I would have to agree with Brendan on this one...

Frank Hool
July 4th, 2007, 02:09 AM
I would have to agree with Brendan on this one...

Really can`t cheer up You guys about this subject. That`s the nature! Of course we could create some artificial suspense, but that is really not the aim of this project. The main purpose is maybe mostly scientific - to learn habits of creatures who keep long distance from human. The second purpose is maybe that it is very much reality show and available for everybody.

But... after storks leaving their nest to head to south in the fall, i hope we cut some short best of of this summer.

Frank Hool
July 22nd, 2007, 03:36 PM
Learning to fly megamix (mms://video.eenet.ee/tooni/2007-07-16.asf)

Tony Davies-Patrick
July 26th, 2007, 08:17 AM
Nice footage, Frank, and much more interesting. I'd still edit it down to only a fraction of the long megamix and chuck in some fades between clips or changing light conditions (to prevent hard cuts). Place in some soft music and interesting background narrative about the birds and it will be a winner.
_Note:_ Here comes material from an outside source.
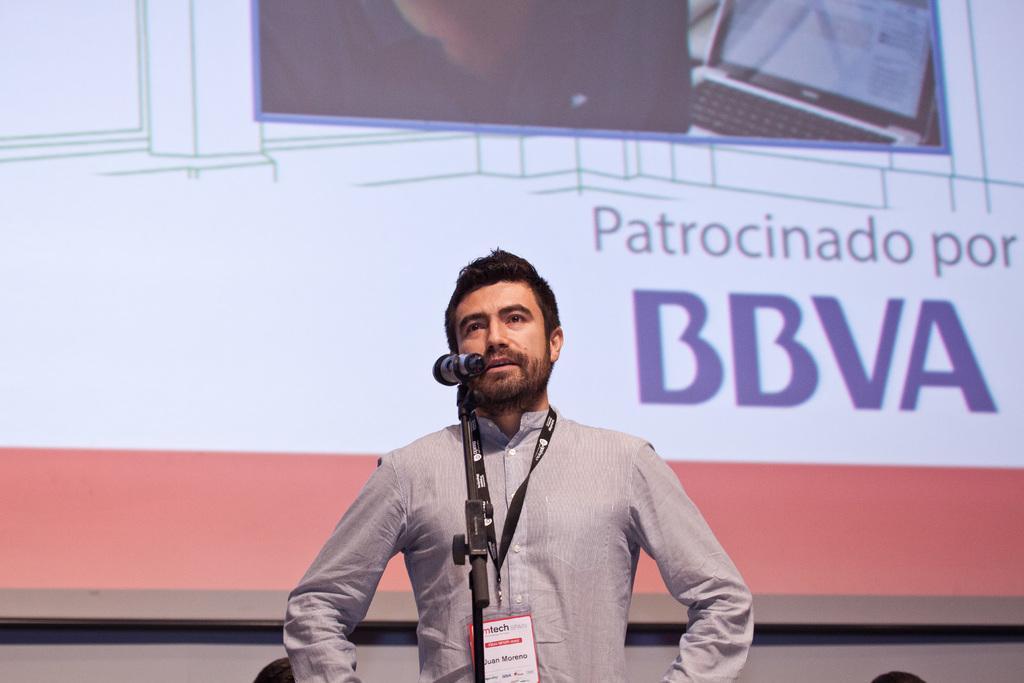Please provide a concise description of this image. In this image there is a mike, behind the mike there is a person standing, wearing shirt, and an id tag, in the background there is a screen on that screen there is some text and pictures.

I would have liked to have seen higher quality imagery, and maybe at least one or two different camera angles. If you were unable to reset the camera position, it can be helpful to use a wireless remote control to zoom the lens wide and then tight to take in different viewpoints of the same subject (depending on your camera model of course).

Bob Thompson
July 29th, 2007, 10:18 PM
At 1208pm 30th July (Hong Kong time +8GMT) I was fortunate enough to see the second Black stork chick leave the nest, there is now just one lone chick gathering up the courage to fly.

Thanks to all those involved in the project for supplying such marvelous pictures and sound

Bob Thompson

Bob Thompson
July 30th, 2007, 05:51 AM
Surprise, Surprise, it is now 1945 HK time (+8 GMT) and the 2 chicks that flew off this morning are now back on the nest - total 3 in the nest

Bob

Frank Hool
August 1st, 2007, 05:25 PM
Bob, You`re really lucky. I`ve never catch them flying "live". But recordings are here (mms://video.eenet.ee/tooni/2007-08-01.asf).

Frank Hool
August 14th, 2007, 07:44 AM
one of three chicks is lost second week already. He seemes to be dead.

Frank Hool
August 31st, 2007, 07:24 AM
So, this is the end for this year. Tooni(male stork) is some hunderds kilometers away from Estonia. He got new radio transmitter, so we will trace it whole winter. Chick will stay close for awhile. They fly now fluently.
Learning to fly (mms://video.eenet.ee/tooni/2007-08-01.asf). So thanks everyone for being interested. I hope this project will continue next spring. Just a little before storks arrive to the nest.